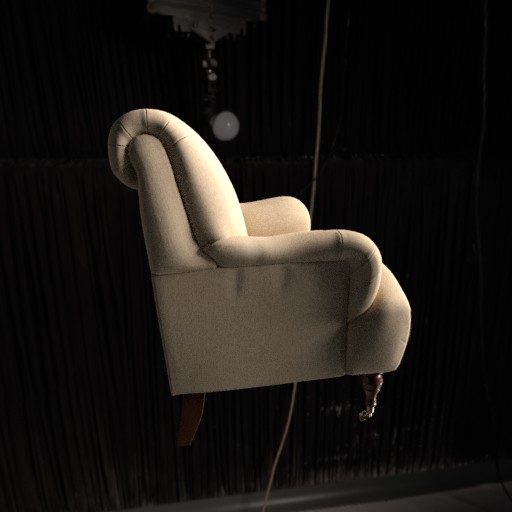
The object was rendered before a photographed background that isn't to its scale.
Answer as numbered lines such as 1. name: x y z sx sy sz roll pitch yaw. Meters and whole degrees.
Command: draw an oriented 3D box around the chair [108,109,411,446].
1. chair: 0.000 0.000 1.524 0.842 0.944 0.766 -3 16 -10
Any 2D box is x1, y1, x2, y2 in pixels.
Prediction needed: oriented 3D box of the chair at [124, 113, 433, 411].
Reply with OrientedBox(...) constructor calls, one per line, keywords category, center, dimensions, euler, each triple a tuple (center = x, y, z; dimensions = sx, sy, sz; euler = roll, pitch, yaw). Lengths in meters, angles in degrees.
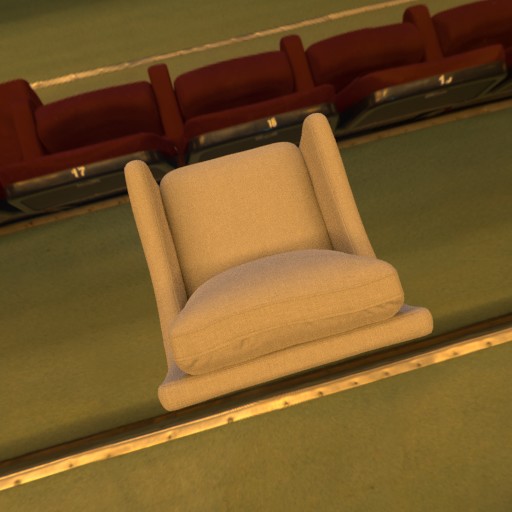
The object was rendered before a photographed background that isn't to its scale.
OrientedBox(category="chair", center=(0.000, 0.000, 1.359), dimensions=(0.626, 0.914, 0.694), euler=(-16, 77, -4))
------------------------------------------------
Assignment => The required output is the line containing "Any 2D box is x1, y1, x2, y2 in pixels." plus every line after it to the end of the data, copied exactly and with no pictures.

Solution to the exercise =>
Any 2D box is x1, y1, x2, y2 in pixels.
Prediction needed: oriented 3D box of the chair at [124, 113, 433, 411].
Reply with OrientedBox(...) constructor calls, one per line, keywords category, center, dimensions, euler, each triple a tuple (center = x, y, z; dimensions = sx, sy, sz; euler = roll, pitch, yaw). Lengths in meters, angles in degrees.
The object was rendered before a photographed background that isn't to its scale.
OrientedBox(category="chair", center=(0.000, 0.000, 1.359), dimensions=(0.626, 0.914, 0.694), euler=(-16, 77, -4))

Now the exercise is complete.